Safeguarding future income against sickness and providing financial protection for you and your family against a critical illness or death can too easily be postponed. Unfortunately, if the unexpected happens it is too late and, with changing working patterns, fewer people can rely on their employer for more than short term help.
Intelligent Investments can guide you through the options and select the most cost effective and most suitable policy for you.
Ask yourself these questions:
Who will pay the family bills if I were to die?
How would I manage financially if I fell sick for a long time?
For how long would my employer continue paying income?

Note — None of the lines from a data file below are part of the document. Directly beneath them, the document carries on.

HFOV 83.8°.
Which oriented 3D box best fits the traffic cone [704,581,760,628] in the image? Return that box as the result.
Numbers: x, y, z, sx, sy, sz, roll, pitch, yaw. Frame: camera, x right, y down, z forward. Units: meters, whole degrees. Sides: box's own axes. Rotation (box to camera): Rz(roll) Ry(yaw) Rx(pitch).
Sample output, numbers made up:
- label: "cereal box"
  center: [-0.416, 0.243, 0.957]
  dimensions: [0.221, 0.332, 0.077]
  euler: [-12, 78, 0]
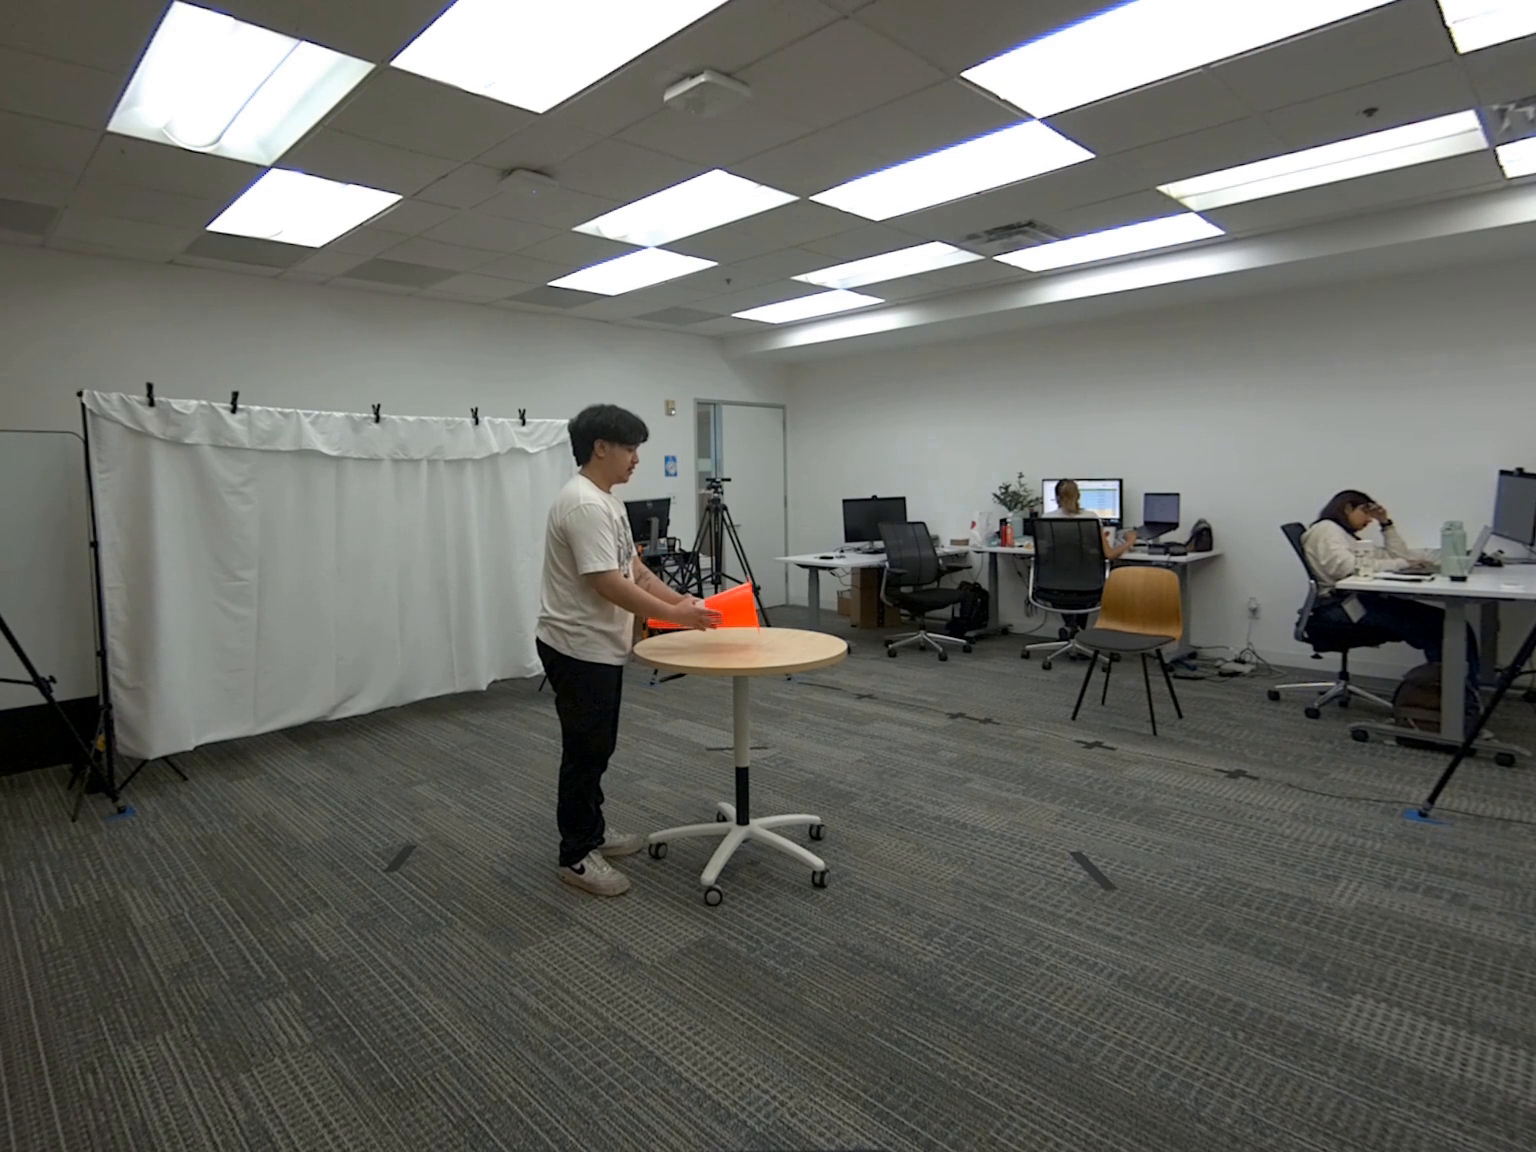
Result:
- label: "traffic cone"
  center: [-0.238, 0.137, 3.037]
  dimensions: [0.386, 0.201, 0.206]
  euler: [-9, 10, 6]

Would a cash sum help if I were diagnosed with cancer or similar serious illness?
Life Assurance
Wherever you live in the world, most people prefer not to think about life without their partner. Yet every day many families suffer the loss of a parent.
These days, most people have life cover in place, to cover a mortgage for example, but in many cases there is little else left to provide for the family's future.
Nothing can make up for the loss of a loved one. However, the last thing a surviving partner, and any children, need at such a time is the worry of how to survive the loss financially - to clear immediate debts and secure an income for the future.Not just the basics of everyday living such as food, heating (or cooling), and clothing, but the extras we often to for granted can suddenly become unaffordable. How to pay for the annual holiday, music and sports lessons, school trips - all of these can become problems if not taken into consideration.
Critical Illness
Thanks to advances in medical science, more and more people are surviving illnesses which in the past would probably have proved fatal. Many people have friends or relatives who have suffered a heart attack or cancer but, with the right treatment and lots of rest, have made an excellent recovery. Great news of course, but what happens to the family finances in the meantime?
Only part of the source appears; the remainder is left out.